Terna è un grande operatore di reti per la trasmissione dell’energia elettrica, guidato da Luigi Roth, Presidente, e Flavio Cattaneo, Amministratore Delegato.
Il Gruppo Terna, primo operatore indipendente in Europa e settimo al mondo per chilometri di linee gestiti, è il principale proprietario della Rete di Trasmissione Nazionale di energia elettrica con oltre 62 mila km di linee in Alta tensione su tutto il territorio italiano. Ha la responsabilità, 365 giorni l’anno, 24 ore su 24, della trasmissione e del dispacciamento dell’energia e quindi della gestione in sicurezza dell’equilibrio tra la domanda e l’offerta di energia elettrica in Italia.
Il Gruppo Terna è una realtà di eccellenza italiana, con oltre 3500 professionisti impegnati quotidianamente nella sicurezza del sistema elettrico nazionale. La Società è responsabile della programmazione, sviluppo e manutenzione della Rete, coniugando competenze, tecnologie e innovazione in linea con le best practices internazionali.
Il Gruppo Terna costituisce un esempio di eccellenza come Gestore di rete di trasmissione indipendente, in linea con il modello di “separazione proprietaria” previsto dal 3° pacchetto energia dell’Unione Europea.
Azionariato
Terna è quotata alla Borsa Italiana dal 2004 (ticker Bloomberg: TRN IM; ticker Thomson-Reuters: TRN.MI). Azionista di riferimento è la Cassa Depositi e Prestiti con il 29,94%. Il 66% del capitale sociale è in mani italiane mentre il 34% è detenuto da investitori istituzionali esteri. Tra i principali azionisti della società: Enel al 5,1%, Pictet Funds Europe S.A. al 4,9%, BlackRock Inc. al 2,2%, Assicurazioni Generali al 2,1% e Romano Minozzi al 4,2% (Dati al 26/07/2010). Il restante 55% circa è ripartito tra investitori istituzionali e retail.
La trasmissione dell’energia
Terna è responsabile della trasmissione di energia elettrica ad alta e ad altissima tensione. Trasmettere vuol dire trasferire l’energia elettrica prodotta dai centri di produzione alle zone di consumo. Perché ciò avvenga occorrono linee e stazioni di trasformazione: gli elementi che costituiscono la Rete di trasmissione, la spina dorsale del sistema elettrico italiano.
I numeri del sistema
> 62.000 km di rete
317,6 mld kWh il fabbisogno Italia 2009
1.000 MW la capacità di trasporto delle linee più potenti
22 linee di interconnessione con l’estero
383 stazioni di trasformazione e smistamento
1.600 metri il record mondiale di profondità raggiunto dal cavo SA.PE.I.
Ambiente e Sostenibilità
La sensibilità nei confronti dell’ambiente è alla base delle scelte strategiche aziendali.
Fondamentale l’approccio Terna nella concertazione con le regioni (18 protocolli firmati) e gli enti locali anche attraverso la VAS (Valutazione Ambientale Strategica) per individuare le soluzioni migliori per far coincidere le esigenze di sviluppo della rete elettrica con le richieste di tutela ambientale e culturale del territorio.
In linea con le best practice delle maggiori società quotate, Terna pubblica un Rapporto di sostenibilità sulle prestazioni non finanziarie con particolare attenzionealle ricadute gestionali, ambientali e sociali del suo operato.
Strategia: il Piano Terna 2010-2014
Il Piano strategico 2010-2014 prevede investimenti complessivi per 4,3 miliardi di euro, principalmente per lo sviluppo della rete, con una crescita di 900 milioni di euro, pari al + 26%, rispetto a quanto annunciato nel Piano precedente (3,4 miliardi di euro).
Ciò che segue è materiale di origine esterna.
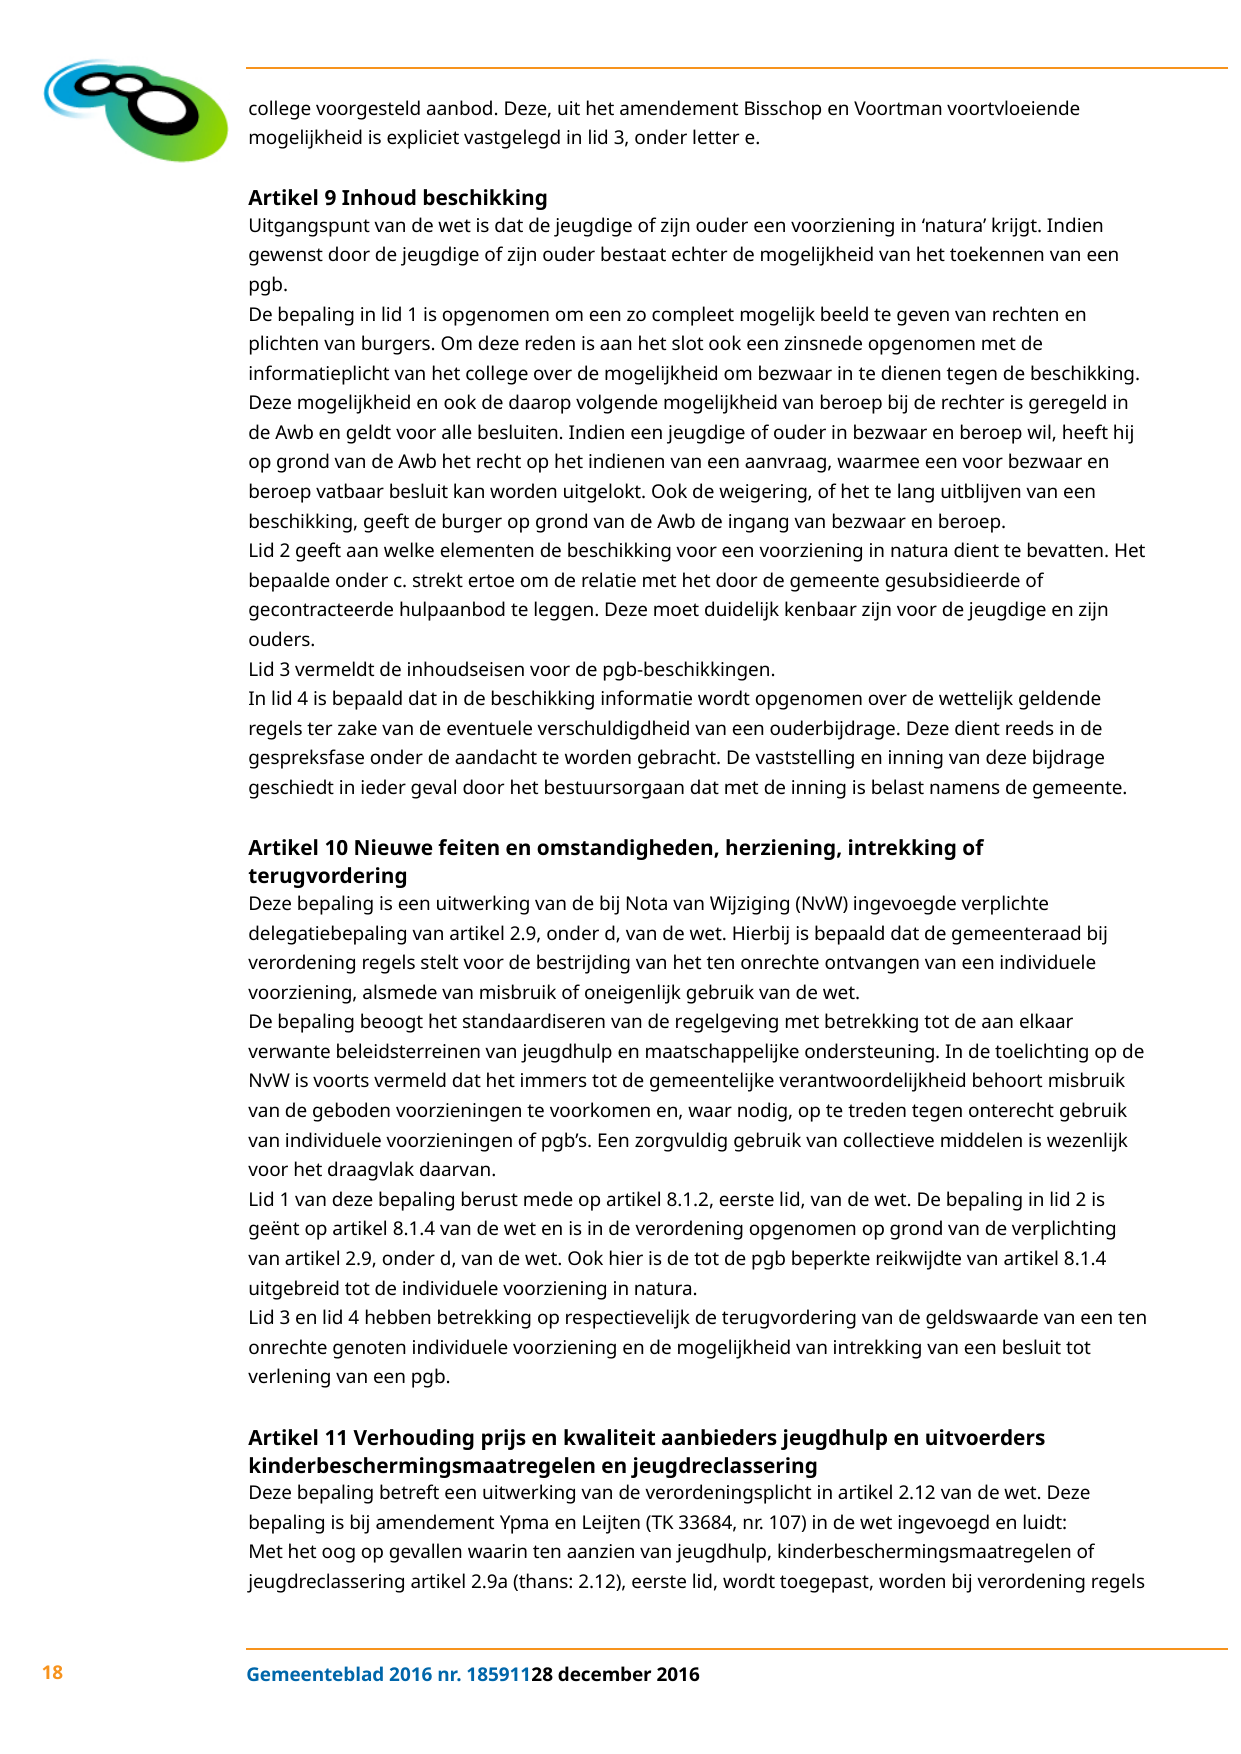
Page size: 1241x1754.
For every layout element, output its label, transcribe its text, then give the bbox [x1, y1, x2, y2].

Confermata la politica dei dividendi: crescita annua del 4%, con il 2008 come anno di riferimento, più l’integrazione derivante dalla vendita delle attività brasiliane.
Struttura
Bilancio 2009: principali risultati
Il Bilancio 2009 si è chiuso con ricavi pari a 1306,7 milioni di euro, con un incremento del 13,8% rispetto al 2008.
L’EBITDA, pari a 1003,2 milioni di euro, cresce del 18% mentre l’utile netto si attesta a 771 milioni di euro, segnando un +135,4% sul 2008.
Tali risultati hanno portato Terna a proporre un dividendo per il 2009 di 19,0 centesimi di euro per azione, +20% rispetto al 2008, confermando le aspettative dicrescita garantita del 4% annunciata nel Piano Strategico. L’acconto di 7 centesimi di euro è stato pagato a novembre 2009 mentre il saldo di 12 centesimi di euro a giugno 2010.
Gli investimenti, pari a 900,4 milioni di euro, sono aumentati del 17,7% rispetto all’esercizio precedente.